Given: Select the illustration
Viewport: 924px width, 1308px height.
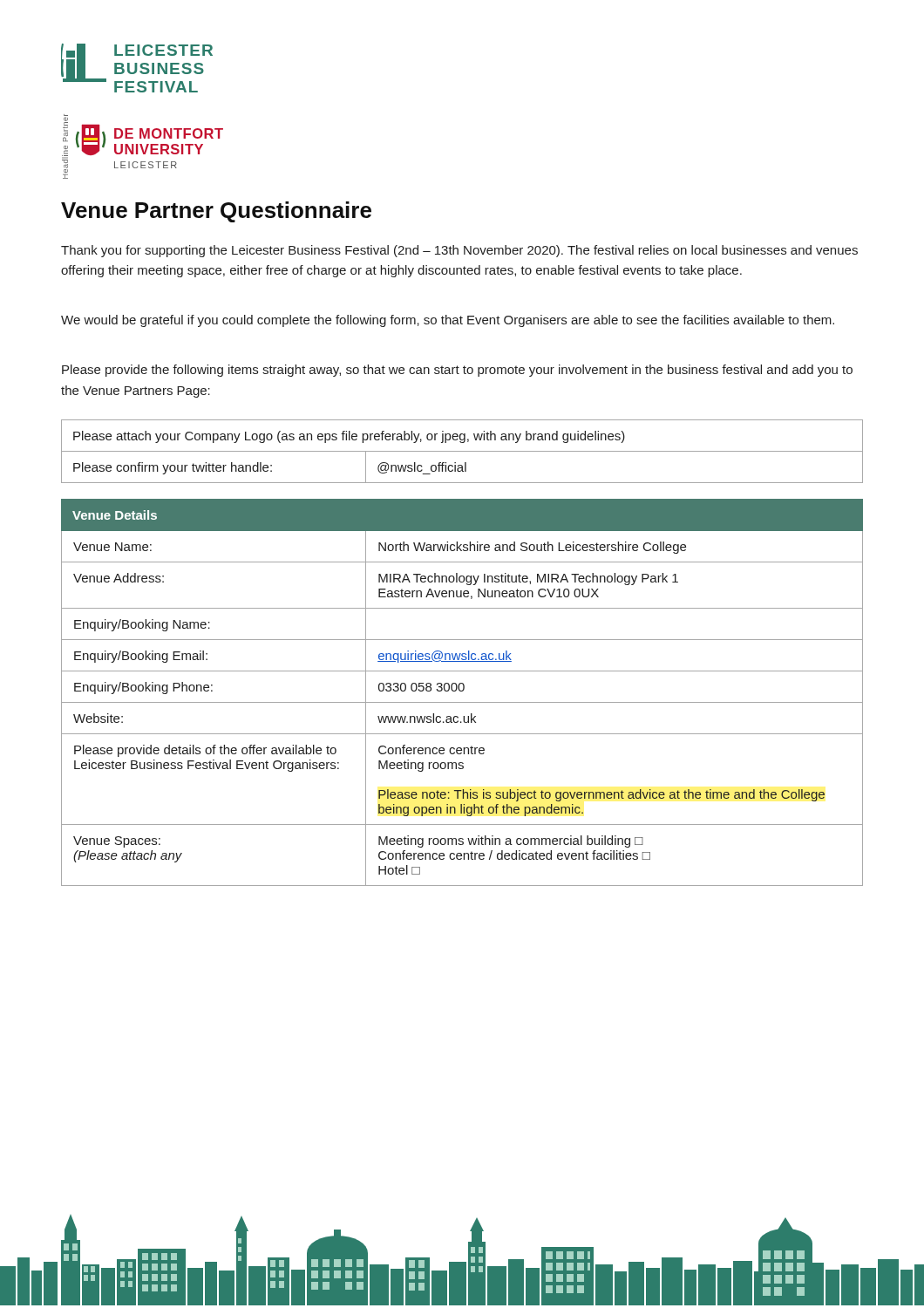Looking at the screenshot, I should (x=462, y=1257).
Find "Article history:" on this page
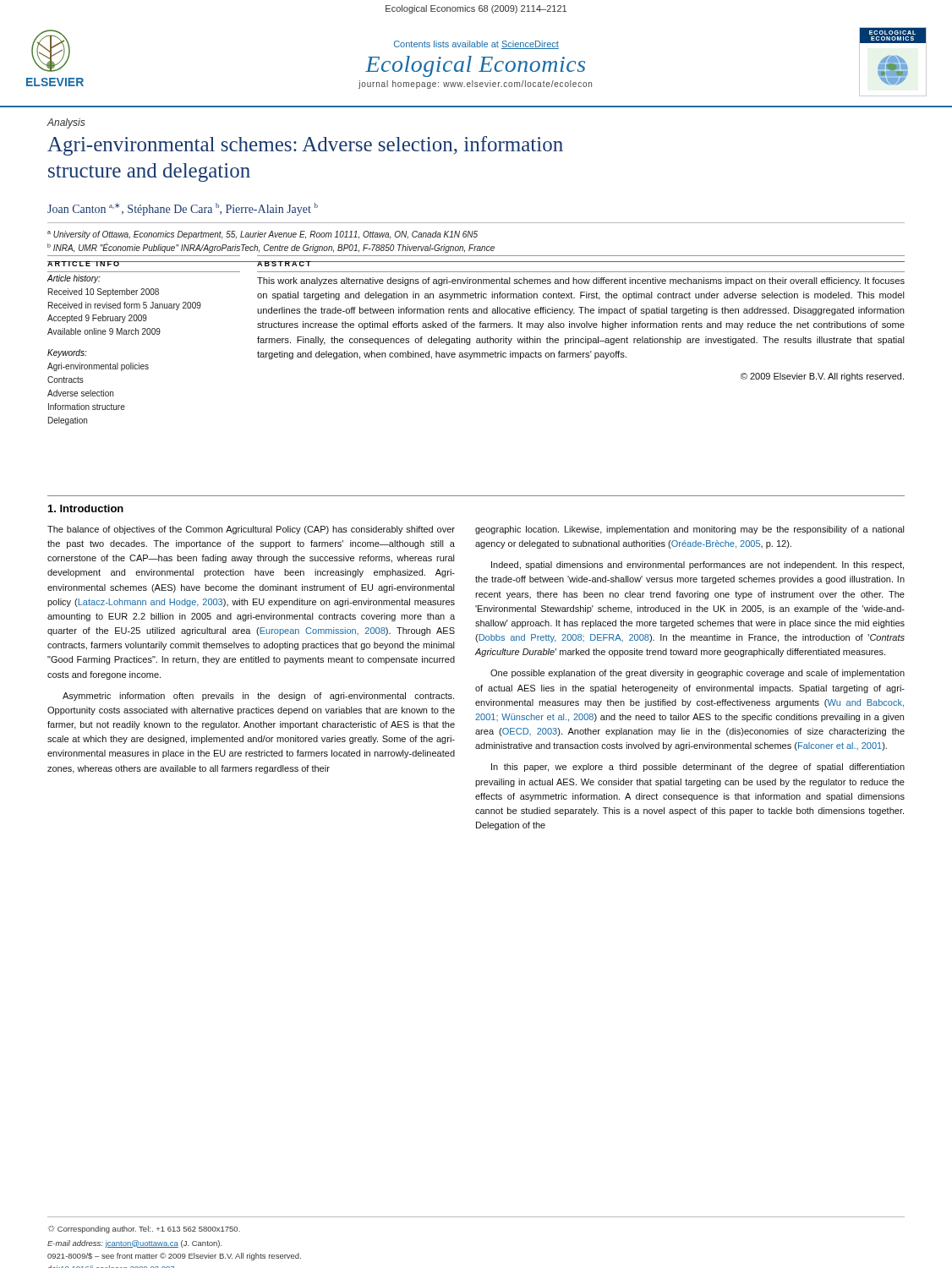952x1268 pixels. tap(74, 279)
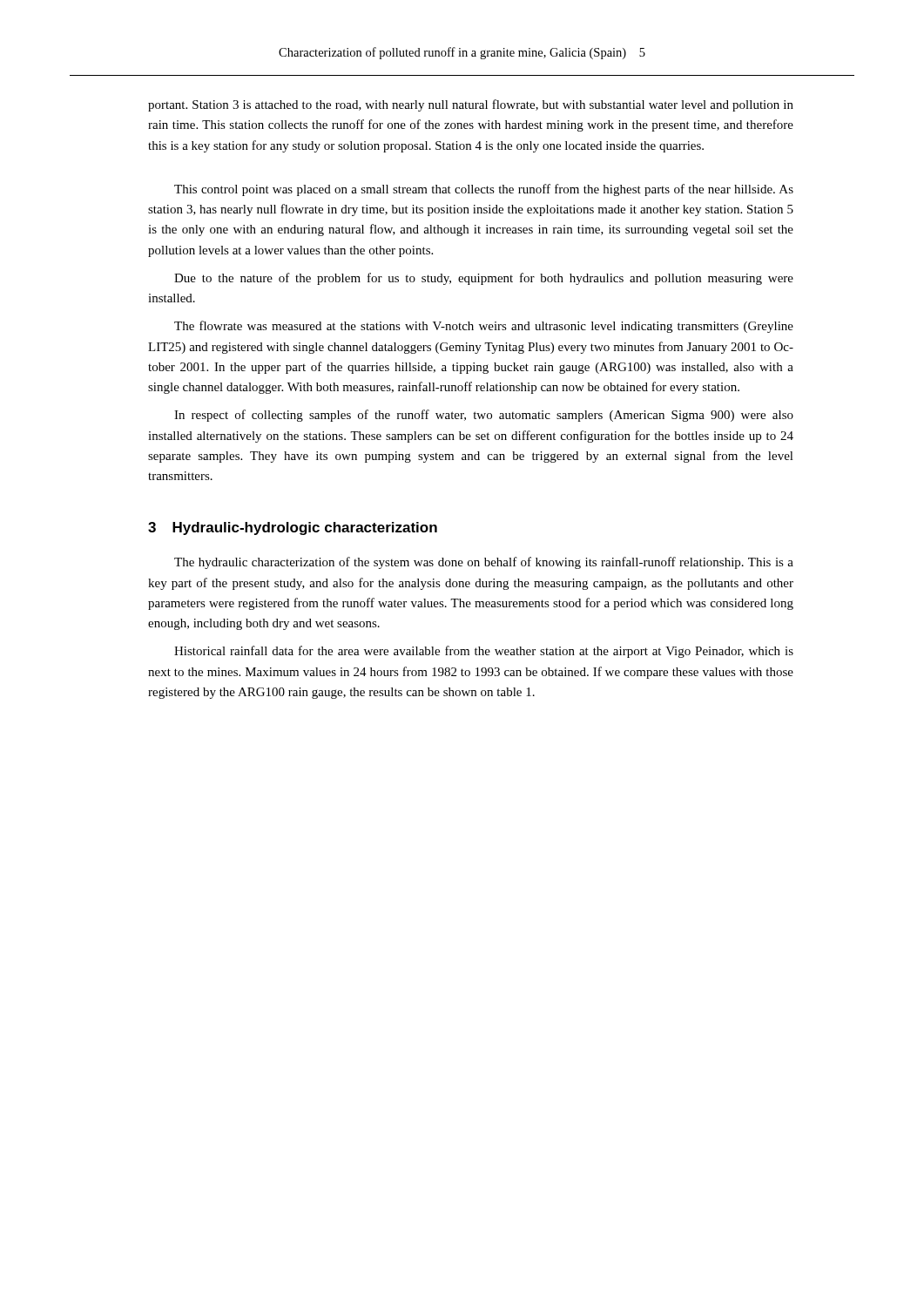Click on the region starting "The hydraulic characterization of the system was"
This screenshot has width=924, height=1307.
471,593
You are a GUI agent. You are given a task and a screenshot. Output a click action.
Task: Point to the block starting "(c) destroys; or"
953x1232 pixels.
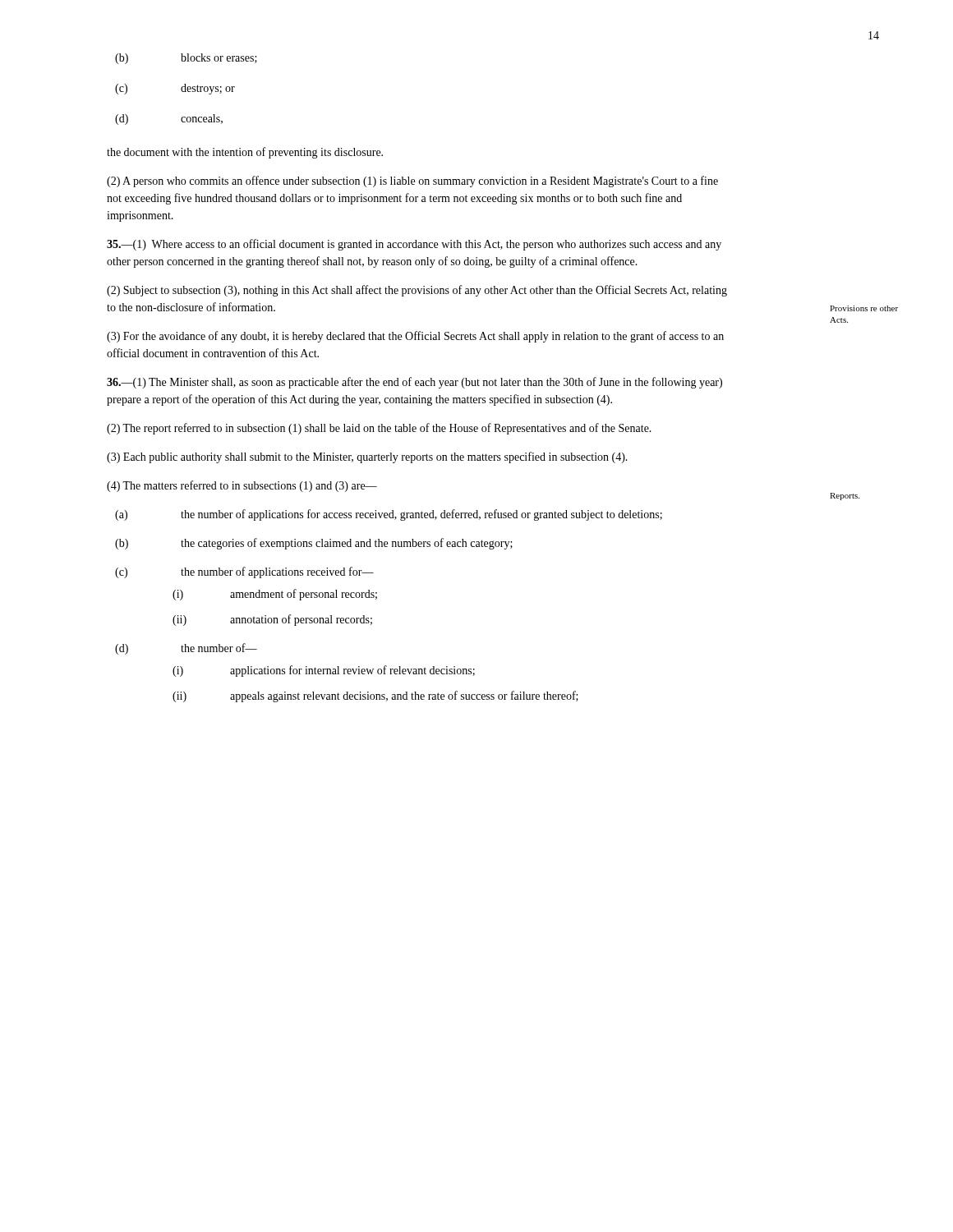click(x=124, y=87)
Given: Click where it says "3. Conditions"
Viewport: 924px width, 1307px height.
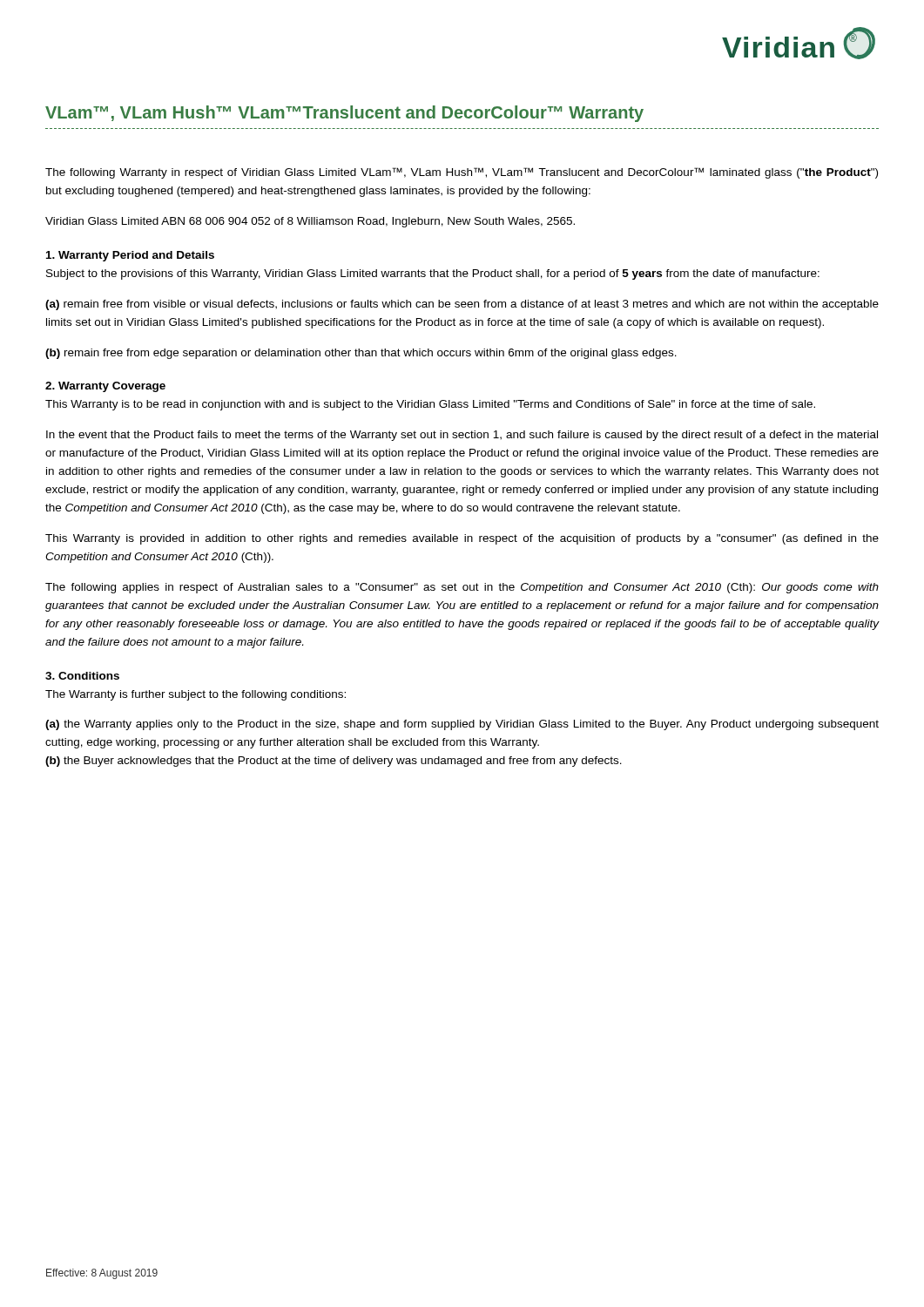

*****

**The problem:** Copy the data word for word. Pictures do not go in the copy.

**Finished exercise:**
Given: Select the illustration
Viewport: 924px width, 1308px height.
Looking at the screenshot, I should (x=462, y=1257).
Find "Article history:" on this page
952x1268 pixels. tap(74, 279)
Click on the region starting "The hydraulic characterization of the system was"
This screenshot has width=924, height=1307.
471,593
You are a GUI agent. You are given a task and a screenshot. Output a click action.
Task: Point to the block starting "(c) destroys; or"
953x1232 pixels.
click(x=124, y=87)
Given: Click where it says "3. Conditions"
Viewport: 924px width, 1307px height.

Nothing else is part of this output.